Exactly what I wanted to hear. Thank you!
Don't. Just jump onto the underlying host and exec in.
Also: if you are execing into your containers in prod you are losing a huge quantity of benefits that containers were supposed to be bringing you in the first place: that is to say an inspection of the version tag should tell you what is in there. You allow people to jump in willy-nilly and that's all gone.
You want to do inspection? Just use sysdig. It knows all about containers. You can use
ip netns
to get packet captures without entering the container.Basically you don't need to exec in prod, and shouldn't want to either. Immutable infra all the way!
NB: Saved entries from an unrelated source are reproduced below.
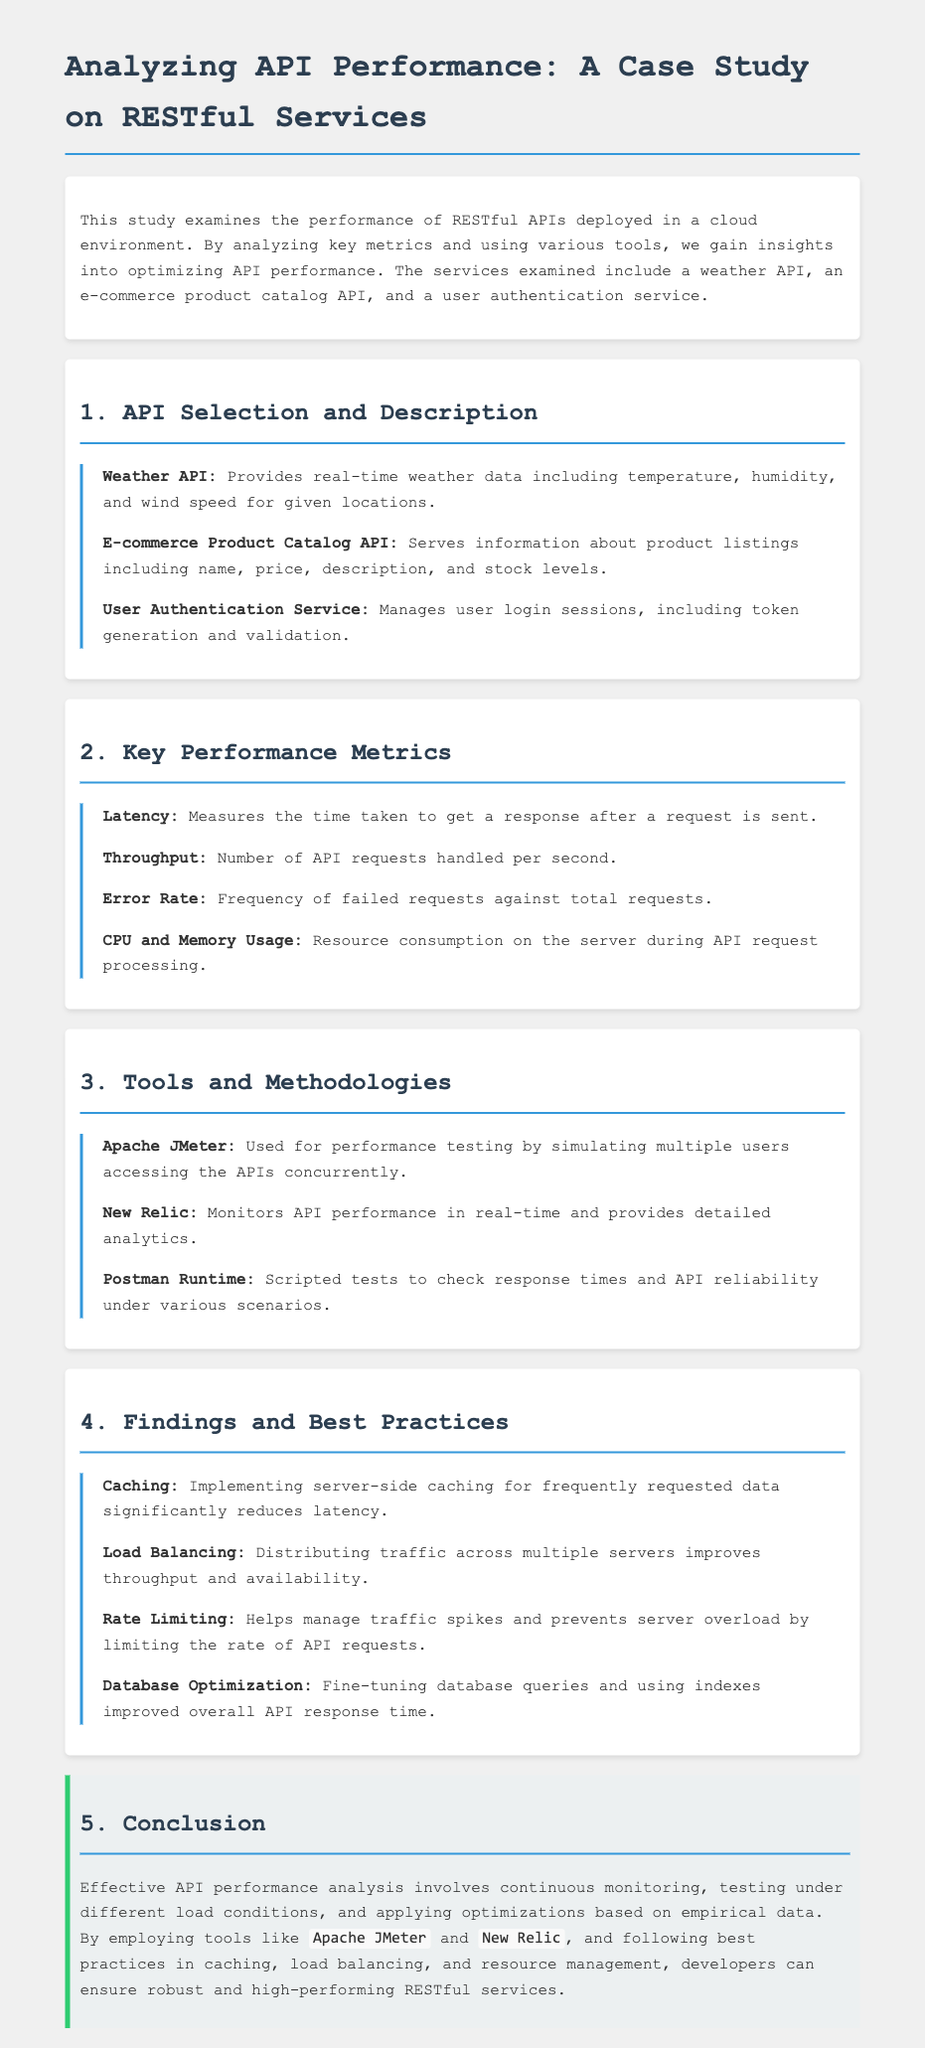What is the title of the homework? The title of the homework is the main heading of the document, which is given as "Analyzing API Performance: A Case Study on RESTful Services."
Answer: Analyzing API Performance: A Case Study on RESTful Services What does the Weather API provide? The Weather API provides real-time weather data including temperature, humidity, and wind speed for given locations.
Answer: Real-time weather data What tool is used for performance testing? The tool used for performance testing by simulating multiple users accessing the APIs concurrently is mentioned in the section on tools and methodologies.
Answer: Apache JMeter What is measured by the term "Latency"? Latency measures the time taken to get a response after a request is sent.
Answer: Time taken to get a response How many key performance metrics are listed in the document? The document lists four key performance metrics in the section titled "Key Performance Metrics."
Answer: Four Which practice is recommended for reducing latency? The recommended practice to reduce latency involves implementing server-side caching for frequently requested data.
Answer: Caching What service manages user login sessions? The service that manages user login sessions, including token generation and validation, is described under API Selection.
Answer: User Authentication Service What is the main conclusion of the document? The main conclusion emphasizes the importance of continuous monitoring, testing, and applying optimizations based on empirical data.
Answer: Continuous monitoring and testing What does "Throughput" refer to? Throughput refers to the number of API requests handled per second, as defined under key performance metrics.
Answer: Number of API requests handled per second

I think this is good advice in general (as well as the sibling thread), but as OP seems to be new to the container ecosystem, it may be confusing to recommend what are essentially 'bleeding-edge' techniques for managing containers.
Disclaimer: bleeding-edge does not mean unstable. Just that the mindset is changing in industry towards immutable/managed-infra, and not everyone is there yet (but soon hopefully!)
While I mostly agree with your top point, I disagree that you should never exec in in prod. Sometimes you need to debug an application in prod, and the only way to do it involves execcing into the container. Like two weeks ago when I needed to get a heap dump of an application running in Docker.
I don't know everything about every runtime but I'd be surprised if you couldn't get that heap dump without jumping into the container.
Perhaps I should have emphasised this
more. In my experience as soon as you allow one reasonable breach of boundary people just want to pile in for any old thing. I am just a bit jaded I guess.
Willy-nilly I agree, yes. I work in a massive company, and only our small devops team has the ability to do this.